- Bridgeman in 1963
- Born: Maurice Richard Bridgeman 26 January 1904 London, England
- Died: 18 May 1980 (aged 76) London, England
- Education: Eton College Trinity College, Cambridge
- Spouse: Diana Mary Erica Wilson ​ ​(m. 1933; died 1979)​
- Parents: William Bridgeman (father); Caroline Parker (mother);
- Relatives: Geoffrey Bridgeman (brother) Robert Bridgeman (brother) Tessa Bridgeman (daughter)

4th Chairman of BP
- In office 1975–1981
- Preceded by: Sir Neville Gass
- Succeeded by: Sir Eric Drake

= Maurice Bridgeman =

British businessman and civil servant (1904–1980)
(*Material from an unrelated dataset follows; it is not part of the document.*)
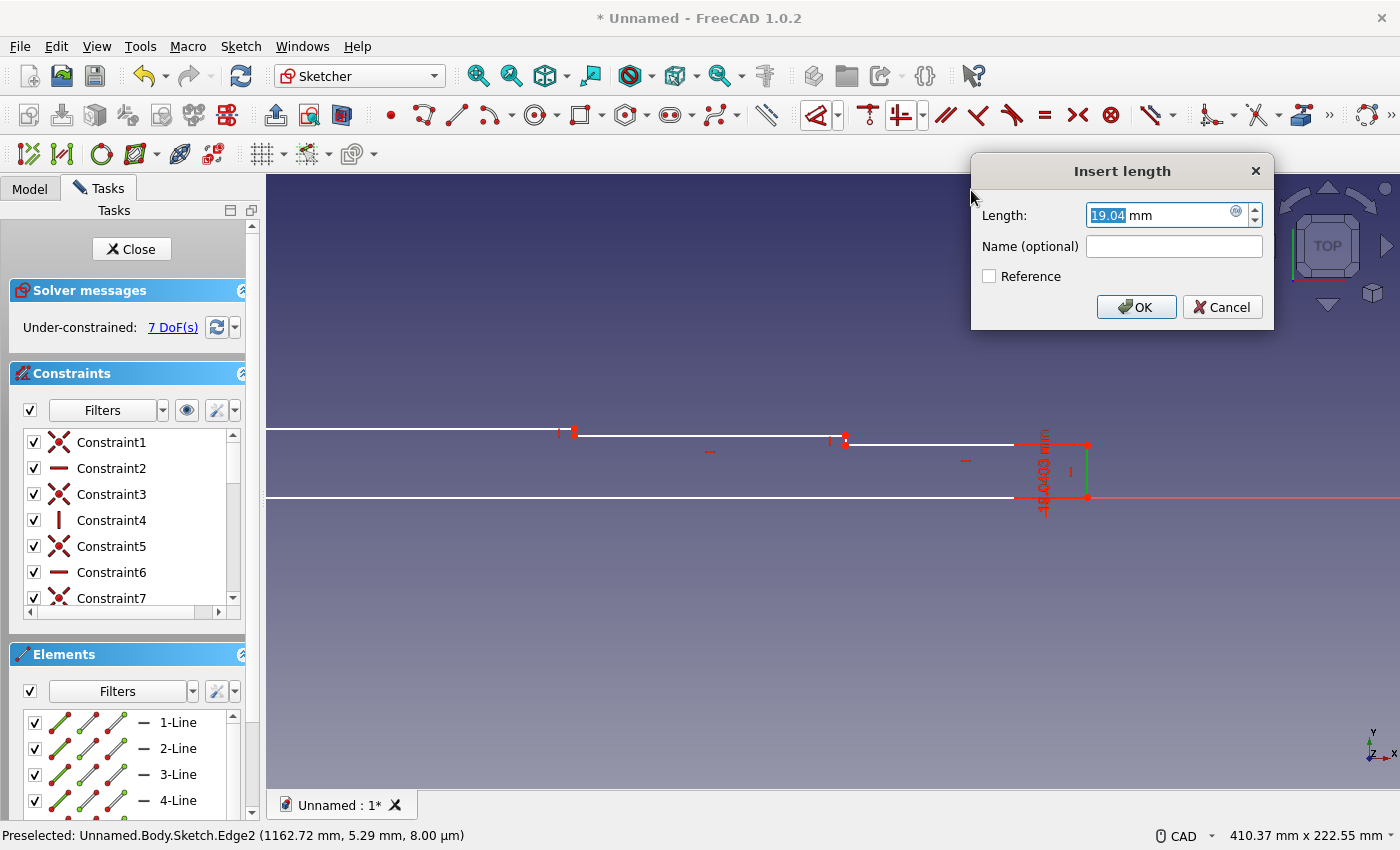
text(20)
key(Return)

Sir Maurice Richard Bridgeman (26 January 1904 – 18 June 1980) was an English oilman. Bridgeman was the fourth chairman of the board of BP, serving from 1960 to 1969.

==Biography==
Bridgeman was the third son of the William Bridgeman, 1st Viscount Bridgeman, and Caroline, Viscountess Bridgeman, DBE (née Parker), and younger brother of the 2nd Viscount. He was educated at Eton College, Berkshire and at Trinity College, Cambridge.

In 1939, Bridgeman was petroleum advisor to the Ministry of Economic Warfare, and, from 1944–46, as Principal Assistant Secretary to the Ministry of Fuel & Power. From 1960-69, he was chairman of BP. Bridgeman was honoured as a Commander of the Order of the British Empire in 1946 and later as a Knight Commander (KBE) in 1964. He was also a Knight of the Most Venerable Order of the Hospital of St John of Jerusalem.

==Family==
Bridgeman married Diana Mary Erica Wilson, daughter of metal broker Humphrey Minto Wilson, on 23 February 1933. They had four daughters (Erica Jane Bridgeman, b. 20 April 1934; Teresa Anne Bridgeman, 25 October 1937 - 25 May 2019; Elizabeth Caroline Bridgeman, b. 15 March 1944; Rachel Diana Bridgeman, b. 9 March 1947).

==Death==
Bridgeman died on 18 June 1980, aged 76.